Recorded information:
= Beginning of Section =

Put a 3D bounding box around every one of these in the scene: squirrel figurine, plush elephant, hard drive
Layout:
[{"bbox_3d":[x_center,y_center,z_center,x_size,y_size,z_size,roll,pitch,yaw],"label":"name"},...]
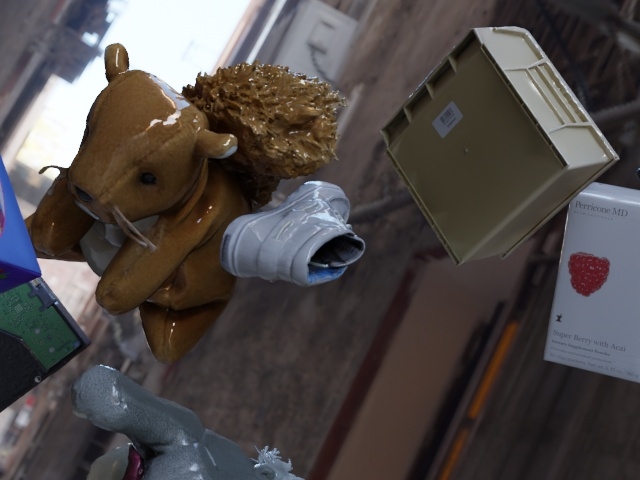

= End of Section =

Go through the lines above and write each one out verbatim, skipping the pictures.

Task response:
Put a 3D bounding box around every one of these in the scene: squirrel figurine, plush elephant, hard drive
Layout:
[{"bbox_3d":[x_center,y_center,z_center,x_size,y_size,z_size,roll,pitch,yaw],"label":"name"},...]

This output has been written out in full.